The area of the region $$A = \{(x, y) : 0 \leq y \leq x|x| + 1$$ and $$-1 \leq x \leq 1\}$$ in sq. units, is:

We are asked to calculate the area enclosed by the set $$A=\{(x,y):0\le y\le x|x|+1\text{ and }-1\le x\le1\}.$$

First we analyse the upper boundary $$y=x|x|+1.$$ Because of the absolute value, this expression changes its form on either side of $$x=0.$$ For $$x\ge0$$ we have $$|x|=x,$$ so

$$y=x|x|+1=x\cdot x+1=x^{2}+1.$$

For $$x\le0$$ we have $$|x|=-x,$$ giving

$$y=x|x|+1=x(-x)+1=-x^{2}+1.$$

Hence the region is naturally split into two parts:

• On $$[-1,0],$$ the top curve is $$y=-x^{2}+1.$$

• On $$[0,1],$$ the top curve is $$y=x^{2}+1.$$

The lower boundary is the $$x$$-axis $$y=0$$ throughout. So the required area is the sum of two definite integrals:

$$\text{Area}=\int_{-1}^{0}\bigl((-x^{2}+1)-0\bigr)\,dx\;+\;\int_{0}^{1}\bigl((x^{2}+1)-0\bigr)\,dx.$$

We now evaluate each integral step by step.
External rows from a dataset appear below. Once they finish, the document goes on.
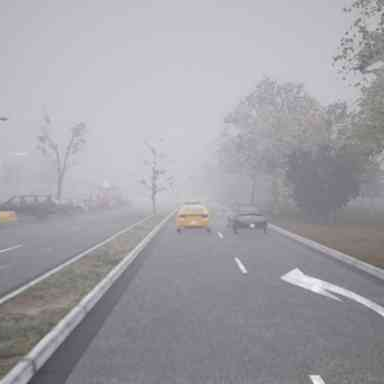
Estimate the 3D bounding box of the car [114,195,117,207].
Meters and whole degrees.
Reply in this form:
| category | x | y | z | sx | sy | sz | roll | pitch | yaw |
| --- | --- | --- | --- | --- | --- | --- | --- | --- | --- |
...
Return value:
| category | x | y | z | sx | sy | sz | roll | pitch | yaw |
| --- | --- | --- | --- | --- | --- | --- | --- | --- | --- |
| car | -13.971 | 1.674 | 47.876 | 5.366 | 1.575 | 1.946 | -1 | 0 | -20 |

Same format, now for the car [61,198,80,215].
| category | x | y | z | sx | sy | sz | roll | pitch | yaw |
| --- | --- | --- | --- | --- | --- | --- | --- | --- | --- |
| car | -13.779 | 1.438 | 32.943 | 4.553 | 1.767 | 2.185 | -1 | 0 | -20 |

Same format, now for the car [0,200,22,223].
| category | x | y | z | sx | sy | sz | roll | pitch | yaw |
| --- | --- | --- | --- | --- | --- | --- | --- | --- | --- |
| car | -13.987 | 1.513 | 20.865 | 5.366 | 1.575 | 1.946 | -1 | 0 | -20 |

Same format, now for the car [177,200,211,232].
| category | x | y | z | sx | sy | sz | roll | pitch | yaw |
| --- | --- | --- | --- | --- | --- | --- | --- | --- | --- |
| car | 0.097 | 1.498 | 20.346 | 1.882 | 1.535 | 5.008 | 0 | 0 | 0 |

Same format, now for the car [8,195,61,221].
| category | x | y | z | sx | sy | sz | roll | pitch | yaw |
| --- | --- | --- | --- | --- | --- | --- | --- | --- | --- |
| car | -13.839 | 1.282 | 26.917 | 5.566 | 2.045 | 2.435 | -1 | 0 | -20 |

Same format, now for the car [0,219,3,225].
| category | x | y | z | sx | sy | sz | roll | pitch | yaw |
| --- | --- | --- | --- | --- | --- | --- | --- | --- | --- |
| car | -13.641 | 1.501 | 17.999 | 5.366 | 1.575 | 1.946 | -1 | 0 | -20 |

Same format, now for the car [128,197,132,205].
| category | x | y | z | sx | sy | sz | roll | pitch | yaw |
| --- | --- | --- | --- | --- | --- | --- | --- | --- | --- |
| car | -13.732 | 1.498 | 56.977 | 5.566 | 2.045 | 2.435 | -1 | -1 | -20 |

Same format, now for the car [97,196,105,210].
| category | x | y | z | sx | sy | sz | roll | pitch | yaw |
| --- | --- | --- | --- | --- | --- | --- | --- | --- | --- |
| car | -13.830 | 1.656 | 41.922 | 4.792 | 1.488 | 2.163 | -1 | 0 | -20 |

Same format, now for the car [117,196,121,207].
| category | x | y | z | sx | sy | sz | roll | pitch | yaw |
| --- | --- | --- | --- | --- | --- | --- | --- | --- | --- |
| car | -13.783 | 1.740 | 50.942 | 4.674 | 1.452 | 2.002 | -1 | 0 | -20 |

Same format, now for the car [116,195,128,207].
| category | x | y | z | sx | sy | sz | roll | pitch | yaw |
| --- | --- | --- | --- | --- | --- | --- | --- | --- | --- |
| car | -13.804 | 1.473 | 53.941 | 5.566 | 2.045 | 2.435 | -1 | 0 | -20 |

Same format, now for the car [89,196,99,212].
| category | x | y | z | sx | sy | sz | roll | pitch | yaw |
| --- | --- | --- | --- | --- | --- | --- | --- | --- | --- |
| car | -13.813 | 1.606 | 38.938 | 4.892 | 1.521 | 2.231 | -1 | -1 | -20 |

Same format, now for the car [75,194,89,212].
| category | x | y | z | sx | sy | sz | roll | pitch | yaw |
| --- | --- | --- | --- | --- | --- | --- | --- | --- | --- |
| car | -13.841 | 1.458 | 35.929 | 4.553 | 1.767 | 2.185 | -1 | -1 | -20 |

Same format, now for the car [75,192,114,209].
| category | x | y | z | sx | sy | sz | roll | pitch | yaw |
| --- | --- | --- | --- | --- | --- | --- | --- | --- | --- |
| car | -13.831 | 1.400 | 44.928 | 5.566 | 2.045 | 2.435 | -1 | 0 | -20 |

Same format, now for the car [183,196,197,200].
| category | x | y | z | sx | sy | sz | roll | pitch | yaw |
| --- | --- | --- | --- | --- | --- | --- | --- | --- | --- |
| car | 0.094 | 1.601 | 40.431 | 1.882 | 1.535 | 5.008 | 0 | 0 | 0 |

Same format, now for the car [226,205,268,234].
| category | x | y | z | sx | sy | sz | roll | pitch | yaw |
| --- | --- | --- | --- | --- | --- | --- | --- | --- | --- |
| car | 3.097 | 1.510 | 19.454 | 2.128 | 1.511 | 4.902 | 0 | 0 | 0 |

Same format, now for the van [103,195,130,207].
| category | x | y | z | sx | sy | sz | roll | pitch | yaw |
| --- | --- | --- | --- | --- | --- | --- | --- | --- | --- |
| van | -13.617 | 1.548 | 60.013 | 4.442 | 1.987 | 1.878 | -1 | -1 | -19 |
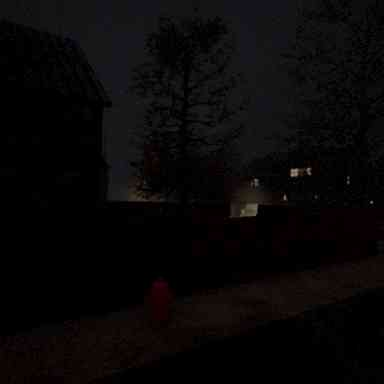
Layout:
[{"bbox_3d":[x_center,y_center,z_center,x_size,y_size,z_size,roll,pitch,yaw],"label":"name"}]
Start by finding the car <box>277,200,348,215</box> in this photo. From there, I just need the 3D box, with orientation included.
[{"bbox_3d":[8.746,1.634,24.335,2.150,2.045,5.566,2,-2,-35],"label":"car"}]
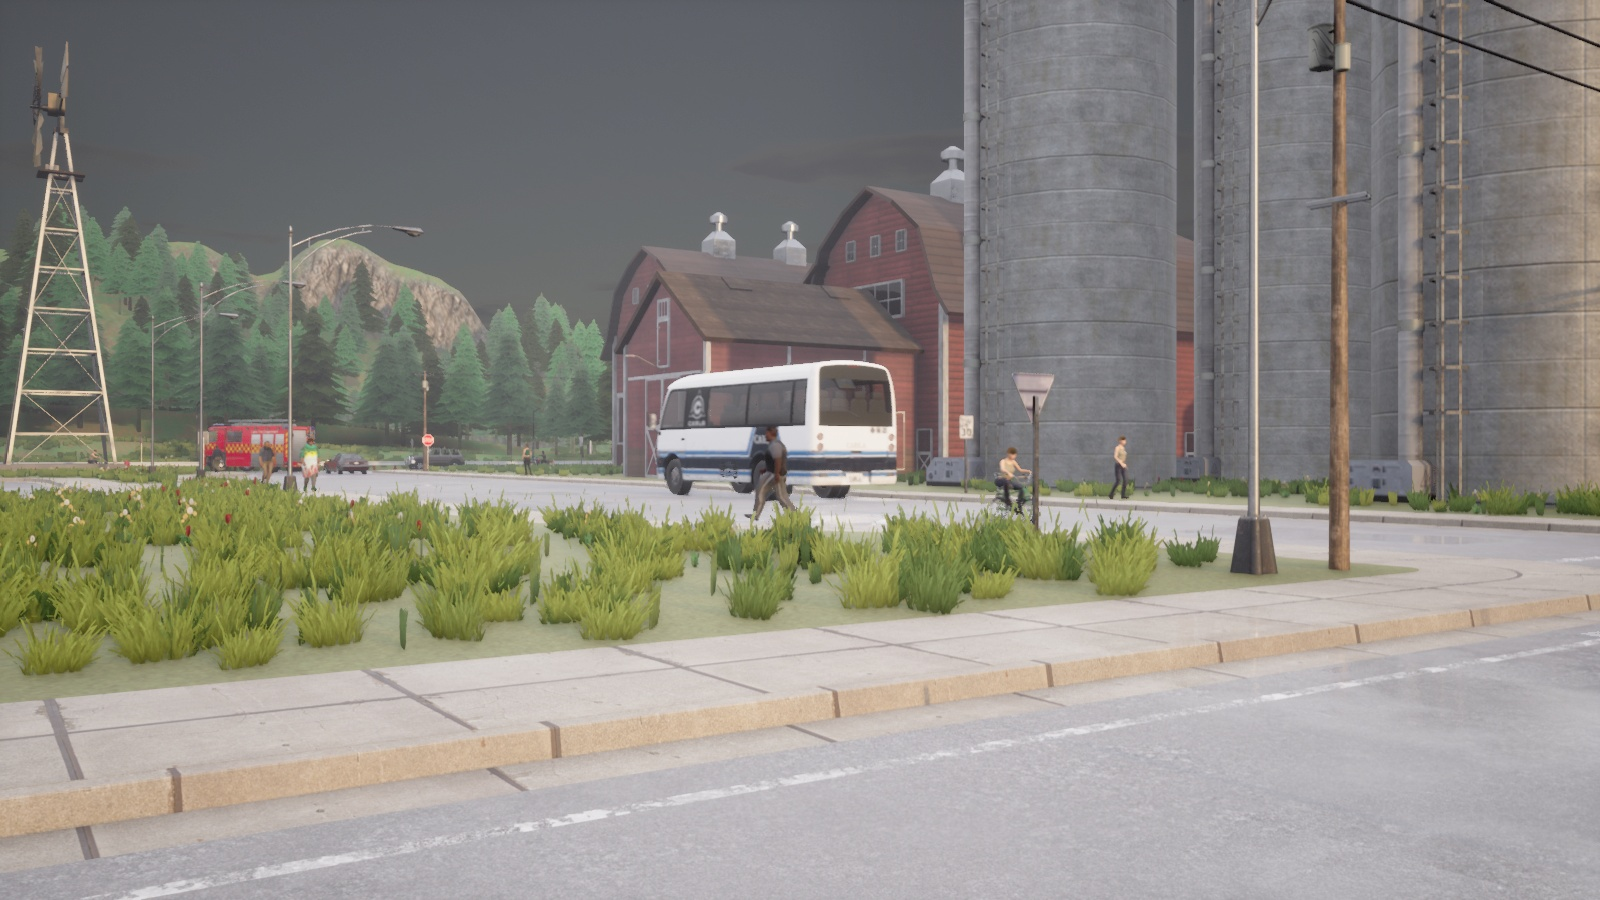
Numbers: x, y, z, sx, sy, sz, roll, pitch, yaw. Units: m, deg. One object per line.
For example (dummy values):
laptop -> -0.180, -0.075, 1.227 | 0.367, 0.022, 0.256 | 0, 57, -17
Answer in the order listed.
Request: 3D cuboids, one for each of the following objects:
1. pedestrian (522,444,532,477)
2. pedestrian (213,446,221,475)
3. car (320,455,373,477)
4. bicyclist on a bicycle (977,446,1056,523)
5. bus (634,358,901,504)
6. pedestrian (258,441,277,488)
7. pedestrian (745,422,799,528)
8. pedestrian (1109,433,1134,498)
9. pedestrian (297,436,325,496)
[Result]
pedestrian -> -15.389, 0.590, 70.794 | 0.345, 1.836, 0.594 | 0, 0, -35
pedestrian -> -37.167, 0.668, 80.084 | 0.370, 1.835, 0.726 | 0, 0, -33
car -> -30.364, 1.050, 83.992 | 2.033, 1.411, 5.357 | 0, 0, -35
bicyclist on a bicycle -> 4.648, 0.725, 27.009 | 0.866, 1.612, 1.509 | 0, 0, -34
bus -> -1.415, -0.540, 41.963 | 3.944, 4.253, 10.273 | 0, 0, -35
pedestrian -> -21.114, 0.561, 49.775 | 0.540, 1.848, 0.694 | 0, 0, -36
pedestrian -> -0.503, 0.449, 22.722 | 0.849, 1.883, 0.563 | 0, 0, 17
pedestrian -> 9.177, 0.450, 35.874 | 0.345, 1.836, 0.594 | 0, 0, -37
pedestrian -> -16.235, 0.531, 41.679 | 0.659, 1.952, 0.873 | 0, 0, -37
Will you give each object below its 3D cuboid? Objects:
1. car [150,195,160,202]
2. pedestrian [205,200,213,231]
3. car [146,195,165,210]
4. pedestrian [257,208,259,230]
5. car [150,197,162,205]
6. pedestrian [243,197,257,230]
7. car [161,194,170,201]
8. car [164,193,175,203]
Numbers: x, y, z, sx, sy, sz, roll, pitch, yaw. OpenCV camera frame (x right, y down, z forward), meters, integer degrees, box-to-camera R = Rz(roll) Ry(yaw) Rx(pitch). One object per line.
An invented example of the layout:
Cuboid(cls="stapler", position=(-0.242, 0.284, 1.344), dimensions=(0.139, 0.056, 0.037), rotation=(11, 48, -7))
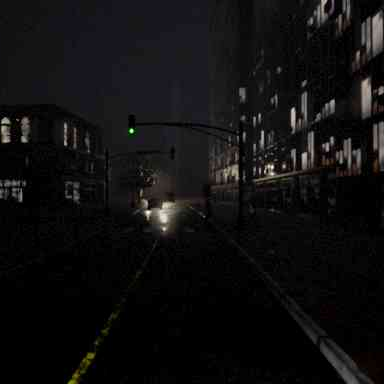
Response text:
Cuboid(cls="car", position=(-8.107, 1.422, 72.690), dimensions=(1.837, 1.490, 4.892), rotation=(0, 0, -8))
Cuboid(cls="pedestrian", position=(0.959, 1.287, 19.106), dimensions=(0.375, 1.860, 0.375), rotation=(1, -1, -2))
Cuboid(cls="car", position=(-4.630, 1.449, 41.603), dimensions=(1.882, 1.535, 5.008), rotation=(0, 0, -5))
Cuboid(cls="pedestrian", position=(3.473, 1.136, 18.596), dimensions=(0.375, 1.860, 0.375), rotation=(1, -1, -2))
Cuboid(cls="car", position=(-6.172, 1.558, 57.246), dimensions=(1.895, 1.301, 4.718), rotation=(0, 0, -6))
Cuboid(cls="pedestrian", position=(3.147, 1.137, 17.962), dimensions=(0.375, 1.860, 0.375), rotation=(1, -1, -2))
Cuboid(cls="car", position=(-6.365, 1.295, 79.426), dimensions=(1.812, 1.442, 4.674), rotation=(0, 0, -10))
Cuboid(cls="car", position=(-4.824, 1.172, 69.158), dimensions=(2.150, 2.045, 5.566), rotation=(0, 0, -8))
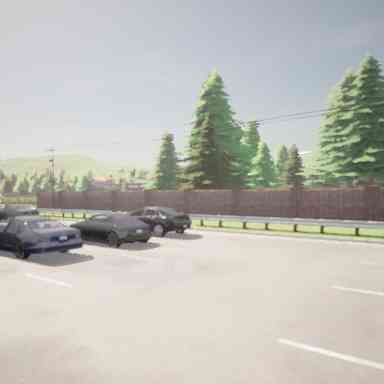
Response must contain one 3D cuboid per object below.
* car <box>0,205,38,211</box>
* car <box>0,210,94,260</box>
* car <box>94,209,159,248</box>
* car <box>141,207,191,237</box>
[{"bbox_3d":[-14.603,1.740,27.256,5.357,1.411,2.033,0,0,36],"label":"car"},{"bbox_3d":[-6.455,1.636,12.864,5.357,1.411,2.033,0,0,36],"label":"car"},{"bbox_3d":[-3.865,1.648,15.308,4.181,1.385,1.994,0,0,36],"label":"car"},{"bbox_3d":[-2.311,1.589,18.502,4.892,1.490,1.837,-2,-1,36],"label":"car"}]
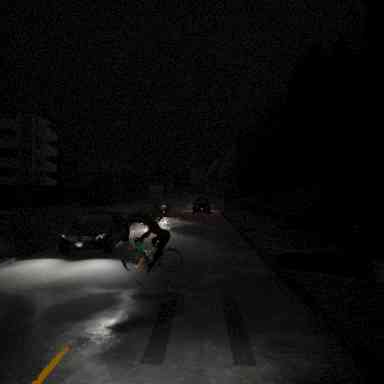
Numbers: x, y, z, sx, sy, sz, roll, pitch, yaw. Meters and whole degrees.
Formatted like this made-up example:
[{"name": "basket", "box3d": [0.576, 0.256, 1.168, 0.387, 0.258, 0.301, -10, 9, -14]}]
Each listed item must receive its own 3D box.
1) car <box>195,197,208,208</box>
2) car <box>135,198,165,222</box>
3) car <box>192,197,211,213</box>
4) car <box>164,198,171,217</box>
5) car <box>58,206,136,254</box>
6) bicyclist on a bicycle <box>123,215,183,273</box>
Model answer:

For the first integral we integrate term by term:

$$\int_{-1}^{0}(-x^{2}+1)\,dx=\int_{-1}^{0}1\,dx-\int_{-1}^{0}x^{2}\,dx.$$

Using the power rule $$\int x^{n}\,dx=\dfrac{x^{n+1}}{n+1}+C,$$ we get

$$\int_{-1}^{0}1\,dx=\Bigl[x\Bigr]_{-1}^{0}=0-(-1)=1,$$

$$\int_{-1}^{0}x^{2}\,dx=\Bigl[\dfrac{x^{3}}{3}\Bigr]_{-1}^{0}=0-\Bigl(-\dfrac{1}{3}\Bigr)=\dfrac{1}{3}.$$

Subtracting,

$$\int_{-1}^{0}(-x^{2}+1)\,dx=1-\dfrac{1}{3}=\dfrac{2}{3}.$$

For the second integral we proceed similarly:

$$\int_{0}^{1}(x^{2}+1)\,dx=\int_{0}^{1}x^{2}\,dx+\int_{0}^{1}1\,dx.$$

Again applying the power rule,

$$\int_{0}^{1}x^{2}\,dx=\Bigl[\dfrac{x^{3}}{3}\Bigr]_{0}^{1}=\dfrac{1}{3}-0=\dfrac{1}{3},$$

$$\int_{0}^{1}1\,dx=\Bigl[x\Bigr]_{0}^{1}=1-0=1.$$

Adding,

$$\int_{0}^{1}(x^{2}+1)\,dx=\dfrac{1}{3}+1=\dfrac{4}{3}.$$

Now we add the two pieces to obtain the total area:

$$\text{Area}=\dfrac{2}{3}+\dfrac{4}{3}=2.$$

Hence, the correct answer is Option B.